Total Energy at the surface of water = Total energy at the hole at 20 cm depth
P₁ + 1/2 ρ v₁² + ρ g h₁ = P₂ + 1/2 ρ v₂² + ρ g h₂
P₁ = P₂ = atmospheric pressure, g = 10 m/sec²
v₁ = 0 as the water at the surface is maintained stationary.
h₁ - h₂ = h = 20 cm = 0.20 m
So v₂ = √ (2gh) --- equation 1
Hence, v₂² = 2 * 0.20 g = 4 => v₂ = 2 m/sec
We find the range for the water particles with this speed horizontally directed and at a height of 0.40 meters above ground.

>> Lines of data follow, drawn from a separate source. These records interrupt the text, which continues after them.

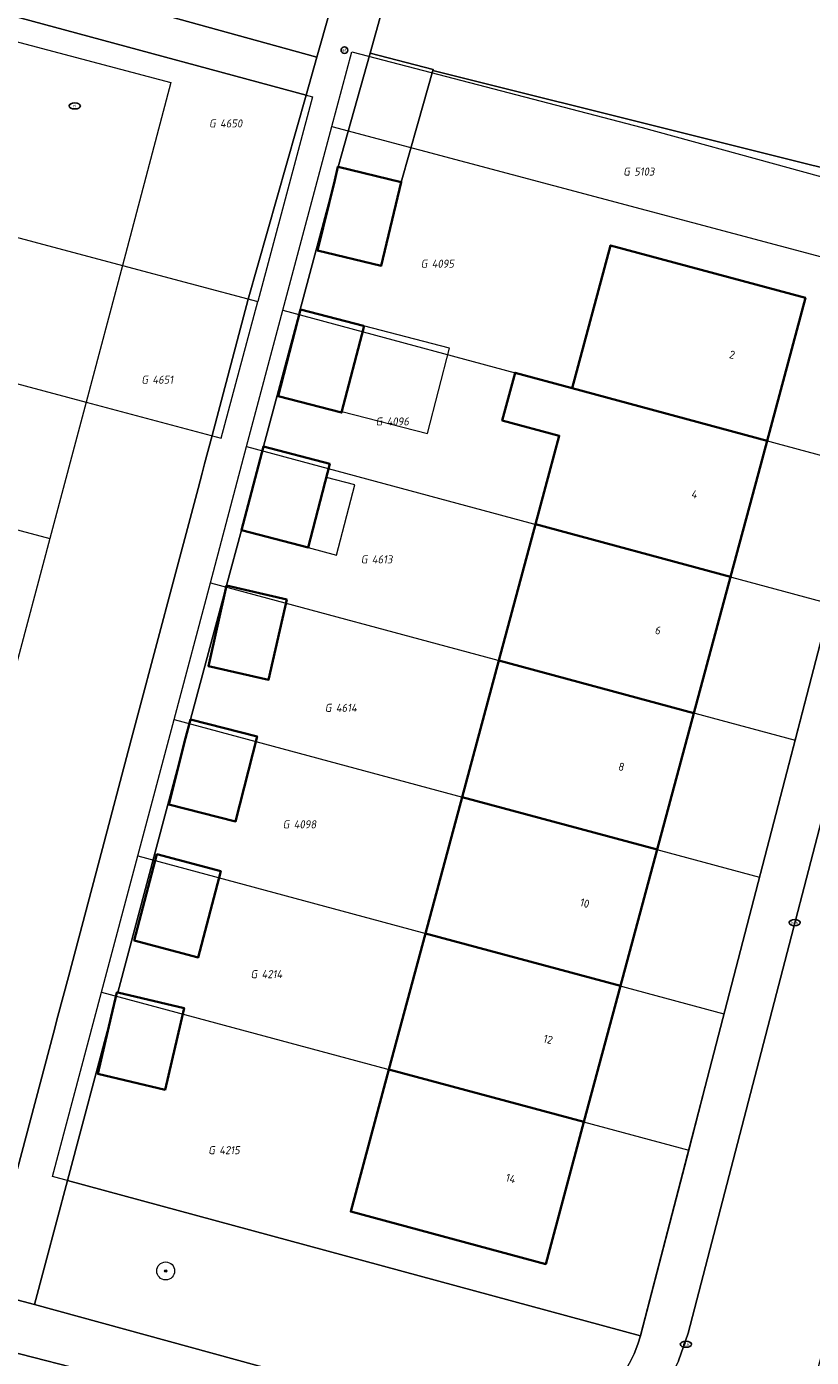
# Model space of a CAD drawing. Header units: metres. Extents: x 253395 to 254027, y 592765 to 593194.
# Tile 133 of 173: x 253727 to 253762, y 592961 to 593020. Entities that reach past the tile are written whole.
import ezdxf
from ezdxf.enums import TextEntityAlignment as Align
from ezdxf.lldxf.tags import DXFTag

# ---------------------------------------------------------------- set-up
doc = ezdxf.new("R2010")
doc.units = ezdxf.units.M
for name, color, linetype, lineweight in [('B-WE-GR-BEPLANTING_CULTUUR_HEESTERS-GV', 254, 'Continuous', 18), ('B-WE-GR-BOOM-S', 254, 'Continuous', 25), ('B-WE-IE-MEUBILAIR-S', 254, 'Continuous', 25), ('B-WE-KG-GRENS_PERCEEL-G', 254, 'KG-PERCEEL-SO', 18), ('B-WE-KG-GRENS_PERCEEL-S', 254, 'Continuous', 25), ('B-WE-OG-BEBOUWING-GV', 254, 'Continuous', 35), ('B-WE-OG-BEBOUWING-T18', 254, 'Continuous', 18), ('B-WE-OG-BEBOUWING_LUIFEL-GV', 254, 'Continuous', 18), ('B-WE-OG-BEBOUWING_OVERBOUWING-GV', 254, 'Continuous', 18), ('B-WE-OG-TERREIN_BEGROEID-GV', 254, 'Continuous', 18), ('B-WE-OG-TERREIN_ERF-GV', 254, 'Continuous', 18), ('B-WE-VH-OPENVERHARDING-GV', 254, 'Continuous', 18)]:
    doc.layers.add(name, color=color, linetype=linetype, lineweight=lineweight)
doc.styles.add('NLCS-ISO', font='txt')
doc.styles.add('NLCS-ISO-M200-T18', font='txt', dxfattribs={"height": 0.36})
doc.styles.get("Standard").update_dxf_attribs({"font": 'simplex.shx'})
tags = doc.linetypes.add('KG-PERCEEL-SO', pattern='A,5.5,-2,["P",Standard,S=1.8,R=0,X=-0.5,Y=-0.9],-2,5.5,-2,[5,NLCS.SHX,S=0.75,R=0,X=0,Y=0],-2', length=19).pattern_tags.tags
tags[6] = DXFTag(74, 10)

# ---------------------------------------------------------------- blocks, each defined once
blk = doc.blocks.new('SIE-MEUBILAIR_PAAL_AFSLUITPAAL-SO')
blk.add_circle((0, 0), 0.75)
at = {"style": 'NLCS-ISO'}
blk.add_text('af', height=0.75, dxfattribs=at).set_placement((0, 0.05), align=Align.MIDDLE_CENTER)
blk = doc.blocks.new('SIE-MEUBILAIR_PUT_KOLK-SO')
blk.add_ellipse((0, 0), major_axis=(1.25, 0), ratio=0.54)
at = {"style": 'NLCS-ISO'}
blk.add_text('klk', height=0.75, dxfattribs=at).set_placement((0.03, 0), align=Align.MIDDLE_CENTER)
blk = doc.blocks.new('SIE-MEUBILAIR_PUT_RIOOLPUT-SO')
blk.add_ellipse((0, 0), major_axis=(1.25, 0), ratio=0.54)
at = {"style": 'NLCS-ISO'}
blk.add_text('ri', height=0.75, dxfattribs=at).set_placement((-0.04, 0.07), align=Align.MIDDLE_CENTER)
blk = doc.blocks.new('SGR-BOOM_GBKN-SO')
at = {"linetype": 'ByBlock', "lineweight": 18}
h = blk.add_hatch(color=0, dxfattribs=at)
h.dxf.hatch_style = 1
edge = h.paths.add_edge_path()
edge.add_arc((0, 0), 0.25, 0, 360)
at = {"color": 0, "linetype": 'ByBlock', "lineweight": 18}
for radius in [2, 0.25]:
    blk.add_circle((0, 0), radius, dxfattribs=at)
at = {"color": 0, "linetype": 'ByBlock', "lineweight": 18, "style": 'NLCS-ISO'}
blk.add_attdef('SOORT', (2.5, 0), '', height=1.5, dxfattribs=at)
blk = doc.blocks.new('SKG-PERCEELNUMMER-SO')
at = {"style": 'NLCS-ISO', "oblique": 10, "flags": 1}
for tag, p in [('GEMEENTECODE', (0, 2.55)), ('PERCEELGROOTTE', (0, -2.45))]:
    blk.add_attdef(tag, text='', height=1.8, dxfattribs=at).set_placement(p, align=Align.MIDDLE_CENTER)
at = {"style": 'NLCS-ISO', "oblique": 10}
blk.add_attdef('SECTIE', text='', height=1.8, dxfattribs=at).set_placement((-0.5, 0), align=Align.MIDDLE_RIGHT)
blk.add_attdef('PERCEELNUMMER', text='', height=1.8, dxfattribs=at).set_placement((0.5, 0), align=Align.MIDDLE_LEFT)

msp = doc.modelspace()

# ---------------------------------------------------------------- linework, layer by layer
at = {"layer": 'B-WE-GR-BEPLANTING_CULTUUR_HEESTERS-GV'}
for points in [[(253706.26, 593027.799), (253706.063, 593027.853), (253705.54, 593025.983), (253739.248, 593016.87), (253739.726, 593018.554)], [(253754.167, 592961.516), (253728.598, 592968.451), (253727.119, 592962.918), (253747.043, 592957.454), (253747.944, 592957.282), (253748.403, 592957.25), (253748.862, 592957.255), (253749.319, 592957.295), (253749.772, 592957.372), (253750.217, 592957.484), (253750.652, 592957.632), (253751.074, 592957.813), (253751.48, 592958.027), (253751.868, 592958.272), (253752.236, 592958.548), (253752.58, 592958.851), (253752.9, 592959.181), (253753.192, 592959.536), (253753.455, 592959.912), (253753.688, 592960.308), (253753.889, 592960.721), (253754.056, 592961.148)]]:
    msp.add_lwpolyline(points, close=True, dxfattribs=at)
at = {"layer": 'B-WE-KG-GRENS_PERCEEL-G'}
for points in [[(253705.225, 593024.858), (253705.519, 593025.989), (253739.538, 593016.792), (253737.091, 593007.654)], [(253705.225, 593024.858), (253733.213, 593017.426), (253731.045, 593009.266)], [(253740.398, 593015.469), (253741.285, 593018.802)], [(253741.285, 593018.802), (253754.251, 593015.424)], [(253703.107, 593016.715), (253731.045, 593009.266)], [(253738.213, 593007.269), (253740.398, 593015.469)], [(253740.398, 593015.469), (253766.386, 593008.546)], [(253754.251, 593015.424), (253767.244, 593011.856)], [(253701.513, 593010.629), (253729.427, 593003.177)], [(253731.045, 593009.266), (253729.427, 593003.177)], [(253731.045, 593009.266), (253737.091, 593007.654)], [(253729.427, 593003.177), (253735.461, 593001.566), (253737.091, 593007.654)], [(253736.594, 593001.19), (253738.213, 593007.269)], [(253738.213, 593007.269), (253764.24, 593000.261)], [(253699.934, 593004.539), (253727.809, 592997.088)], [(253729.427, 593003.177), (253727.809, 592997.088)], [(253734.973, 592995.106), (253736.594, 593001.19)], [(253736.594, 593001.19), (253762.655, 592994.181)], [(253727.809, 592997.088), (253726.191, 592990.999)], [(253733.351, 592989.016), (253734.973, 592995.106)], [(253734.973, 592995.106), (253761.078, 592988.086)], [(253762.655, 592994.181), (253761.082, 592988.099), (253761.078, 592988.086)], [(253731.729, 592982.928), (253733.351, 592989.016)], [(253733.351, 592989.016), (253759.486, 592981.982)], [(253761.078, 592988.086), (253759.486, 592981.982)], [(253730.11, 592976.85), (253731.729, 592982.928)], [(253731.729, 592982.928), (253757.898, 592975.887)], [(253759.486, 592981.982), (253757.898, 592975.887)], [(253756.333, 592969.808), (253754.175, 592961.514), (253727.921, 592968.635), (253730.11, 592976.85)], [(253730.11, 592976.85), (253756.333, 592969.808)], [(253757.898, 592975.887), (253756.333, 592969.808)]]:
    msp.add_lwpolyline(points, dxfattribs=at)
at = {"layer": 'B-WE-OG-BEBOUWING-GV'}
for points in [[(253740.681, 593013.67), (253740.667, 593013.673), (253740.523, 593013.079), (253739.761, 593009.939), (253742.591, 593009.252), (253743.497, 593012.986)], [(253761.537, 593007.823), (253752.834, 593010.164), (253751.12, 593003.793), (253759.823, 593001.45)], [(253741.815, 593006.57), (253738.994, 593007.298), (253737.998, 593003.437), (253740.833, 593002.705), (253741.818, 593006.514)], [(253751.12, 593003.793), (253748.571, 593004.479), (253748, 593002.355), (253750.549, 593001.669), (253750.1, 593000), (253749.487, 592997.722), (253758.191, 592995.381), (253759.433, 593000), (253759.823, 593001.45)], [(253740.31, 593000.418), (253737.338, 593001.196), (253736.36, 592997.462), (253739.332, 592996.683)], [(253758.191, 592995.381), (253749.487, 592997.722), (253747.852, 592991.642), (253756.556, 592989.302)], [(253738.39, 592994.373), (253735.701, 592994.985), (253734.885, 592991.398), (253737.574, 592990.786)], [(253756.556, 592989.302), (253747.852, 592991.642), (253746.214, 592985.554), (253754.918, 592983.212)], [(253734.091, 592989.008), (253734.08, 592989.011), (253733.87, 592988.183), (253733.12, 592985.222), (253736.099, 592984.467), (253737.059, 592988.256)], [(253754.918, 592983.212), (253746.214, 592985.554), (253744.578, 592979.471), (253753.281, 592977.129)], [(253735.445, 592982.246), (253732.587, 592983), (253731.573, 592979.157), (253734.431, 592978.403)], [(253753.281, 592977.129), (253744.578, 592979.471), (253742.946, 592973.403), (253751.65, 592971.066)], [(253730.838, 592976.835), (253730.804, 592976.843), (253730.551, 592975.762), (253729.952, 592973.201), (253732.949, 592972.5), (253733.801, 592976.142)], [(253751.65, 592971.066), (253742.946, 592973.403), (253741.24, 592967.063), (253749.944, 592964.722)]]:
    msp.add_lwpolyline(points, close=True, dxfattribs=at)
at = {"layer": 'B-WE-OG-BEBOUWING_LUIFEL-GV'}
for points in [[(253741.818, 593006.514), (253740.846, 593002.757), (253744.659, 593001.771), (253745.644, 593005.58), (253741.815, 593006.57)], [(253739.332, 592996.683), (253740.598, 592996.346), (253741.418, 592999.477), (253740.15, 592999.809)]]:
    msp.add_lwpolyline(points, close=True, dxfattribs=at)
at = {"layer": 'B-WE-OG-BEBOUWING_OVERBOUWING-GV'}
msp.add_lwpolyline([(253744.901, 593017.96), (253744.913, 593018.006), (253742.101, 593018.737), (253740.681, 593013.67), (253743.497, 593012.986), (253744.236, 593015.606)], close=True, dxfattribs=at)
at = {"layer": 'B-WE-OG-TERREIN_BEGROEID-GV'}
for points in [[(253744.536, 593036.176), (253710.815, 593045.233), (253706.26, 593027.799), (253739.726, 593018.554), (253740.857, 593022.544)], [(253771.909, 593028.855), (253746.679, 593035.608), (253743.197, 593022.643), (253742.101, 593018.737), (253744.913, 593018.006), (253744.901, 593017.96), (253767.603, 593012.295), (253769.349, 593019.012)]]:
    msp.add_lwpolyline(points, close=True, dxfattribs=at)
at = {"layer": 'B-WE-OG-TERREIN_ERF-GV'}
for points in [[(253726.362, 592968.974), (253727.97, 592975.028), (253728.169, 592975.776), (253728.636, 592977.535), (253730.157, 592983.26), (253731.31, 592987.602), (253731.505, 592988.336), (253732.823, 592993.297), (253733.076, 592994.249), (253734.423, 592999.318), (253734.604, 593000), (253734.716, 593000.424), (253735.049, 593001.676), (253736.667, 593007.767), (253739.248, 593016.87), (253705.54, 593025.983)], [(253767.603, 593012.295), (253744.901, 593017.96), (253744.236, 593015.606), (253743.497, 593012.986), (253742.591, 593009.252), (253739.761, 593009.939), (253740.523, 593013.079), (253737.338, 593001.196), (253740.31, 593000.418), (253739.332, 592996.683), (253736.36, 592997.462), (253735.689, 592994.988), (253734.091, 592989.008), (253737.059, 592988.256), (253736.099, 592984.467), (253733.12, 592985.222), (253733.87, 592988.183), (253730.838, 592976.835), (253733.801, 592976.142), (253732.949, 592972.5), (253729.952, 592973.201), (253730.551, 592975.762), (253728.598, 592968.451), (253754.167, 592961.516), (253754.189, 592961.588), (253764.176, 593000)]]:
    msp.add_lwpolyline(points, dxfattribs=at)
for points in [[(253746.214, 592985.554), (253747.852, 592991.642), (253749.487, 592997.722), (253750.1, 593000), (253750.549, 593001.669), (253748, 593002.355), (253748.571, 593004.479), (253751.12, 593003.793), (253752.834, 593010.164), (253761.537, 593007.823), (253759.823, 593001.45), (253759.433, 593000), (253758.191, 592995.381), (253756.556, 592989.302), (253754.918, 592983.212), (253753.281, 592977.129), (253751.65, 592971.066), (253749.944, 592964.722), (253741.24, 592967.063), (253742.946, 592973.403), (253744.578, 592979.471)], [(253737.998, 593003.437), (253738.994, 593007.298), (253741.815, 593006.57), (253741.818, 593006.514), (253740.833, 593002.705)], [(253737.574, 592990.786), (253734.885, 592991.398), (253735.701, 592994.985), (253738.39, 592994.373)], [(253735.445, 592982.246), (253734.431, 592978.403), (253731.573, 592979.157), (253732.587, 592983)]]:
    msp.add_lwpolyline(points, close=True, dxfattribs=at)
at = {"layer": 'B-WE-VH-OPENVERHARDING-GV'}
for points in [[(253773.827, 593028.341), (253770.828, 593017.435), (253766.289, 593000), (253756.302, 592961.636), (253755.875, 592960.402), (253755.591, 592959.814), (253755.261, 592959.25), (253754.889, 592958.714), (253754.475, 592958.208), (253754.023, 592957.736), (253753.536, 592957.302), (253753.016, 592956.906), (253752.466, 592956.553), (253758.495, 592946.357), (253772.574, 593000), (253774.505, 593007.358), (253774.775, 593007.996), (253775.109, 593008.604), (253778.562, 593022.392)], [(253724.869, 592963.519), (253727.119, 592962.918), (253728.598, 592968.451), (253730.551, 592975.762), (253730.804, 592976.843), (253730.838, 592976.835), (253733.87, 592988.183), (253734.08, 592989.011), (253734.091, 592989.008), (253735.689, 592994.988), (253736.36, 592997.462), (253737.338, 593001.196), (253740.523, 593013.079), (253740.667, 593013.673), (253740.681, 593013.67), (253742.101, 593018.737), (253743.197, 593022.643)], [(253740.857, 593022.544), (253739.726, 593018.554), (253739.248, 593016.87), (253736.667, 593007.767), (253735.049, 593001.676), (253734.716, 593000.424), (253734.604, 593000), (253734.423, 592999.318), (253733.076, 592994.249), (253732.823, 592993.297), (253731.505, 592988.336), (253731.31, 592987.602), (253730.157, 592983.26), (253728.636, 592977.535), (253728.169, 592975.776), (253727.97, 592975.028), (253726.362, 592968.974)], [(253764.176, 593000), (253754.189, 592961.588), (253754.167, 592961.516), (253754.056, 592961.148), (253753.889, 592960.721), (253753.688, 592960.308)], [(253755.875, 592960.402), (253756.302, 592961.636), (253766.289, 593000)], [(253746.161, 592955.66), (253724.244, 592961.282), (253710.666, 592964.765), (253690.843, 592969.995), (253688.964, 592970.491), (253673.562, 592974.542)], [(253747.043, 592957.454), (253727.119, 592962.918), (253724.869, 592963.519), (253724.244, 592961.282), (253746.161, 592955.66)]]:
    msp.add_lwpolyline(points, dxfattribs=at)

# ---------------------------------------------------------------- block references
at = {"layer": 'B-WE-GR-BOOM-S', "xscale": 0.2, "yscale": 0.2, "zscale": 0.2}
msp.add_blockref('SGR-BOOM_GBKN-SO', (253732.979, 592964.414), dxfattribs=at)
at = {"layer": 'B-WE-IE-MEUBILAIR-S', "xscale": 0.2, "yscale": 0.2, "zscale": 0.2}
for name, p in [('SIE-MEUBILAIR_PAAL_AFSLUITPAAL-SO', (253740.957, 593018.875)), ('SIE-MEUBILAIR_PUT_RIOOLPUT-SO', (253728.924, 593016.384)), ('SIE-MEUBILAIR_PUT_KOLK-SO', (253761.052, 592979.952)), ('SIE-MEUBILAIR_PUT_KOLK-SO', (253756.2, 592961.143))]:
    msp.add_blockref(name, p, dxfattribs=at)
at = {"layer": 'B-WE-KG-GRENS_PERCEEL-S', "xscale": 0.2, "yscale": 0.2, "zscale": 0.2}
for p, values in [((253735.306, 593015.604), {'PERCEELNUMMER': '4650', 'SECTIE': 'G'}), ((253753.795, 593013.457), {'PERCEELNUMMER': '5103', 'SECTIE': 'G'}), ((253744.754, 593009.347), {'PERCEELNUMMER': '4095', 'SECTIE': 'G'}), ((253732.287, 593004.175), {'PERCEELNUMMER': '4651', 'SECTIE': 'G'}), ((253742.743, 593002.309), {'PERCEELNUMMER': '4096', 'SECTIE': 'G'}), ((253742.082, 592996.159), {'PERCEELNUMMER': '4613', 'SECTIE': 'G'}), ((253740.476, 592989.535), {'PERCEELNUMMER': '4614', 'SECTIE': 'G'}), ((253738.595, 592984.337), {'PERCEELNUMMER': '4098', 'SECTIE': 'G'}), ((253737.162, 592977.654), {'PERCEELNUMMER': '4214', 'SECTIE': 'G'}), ((253735.272, 592969.802), {'PERCEELNUMMER': '4215', 'SECTIE': 'G'})]:
    msp.add_blockref('SKG-PERCEELNUMMER-SO', p, dxfattribs=at).add_auto_attribs(values)

# ---------------------------------------------------------------- texts
at = {"layer": 'B-WE-OG-BEBOUWING-T18', "style": 'NLCS-ISO-M200-T18'}
for s, p in [('2', (253758.266, 593005.286)), ('4', (253756.593, 592999.065)), ('6', (253754.959, 592992.991)), ('8', (253753.323, 592986.906)), ('10', (253751.685, 592980.82)), ('12', (253750.051, 592974.747)), ('14', (253748.383, 592968.543))]:
    msp.add_text(s, height=0.36, rotation=345, dxfattribs=at).set_placement(p, align=Align.MIDDLE)

doc.saveas('drawing.dxf')

t = time to reach ground = √ (2 * 0.40 / g ) = 0.2 *√2 sec
Range = v₂ t = 0.4 √2 meters
If h is the depth of hole from water surface, then v = √(2gh)
time to reach ground = t = √ [2*(0.60-h)/g ]
Then range R = v₂ t = 2 √[ h (60-h) ] = 0.4√2 --- equation 2
Range will be equal for h = 20cm, and h = 40 cm, as the product of h and (60-h) will be same. If you solve quadratic equation 2, we get the same.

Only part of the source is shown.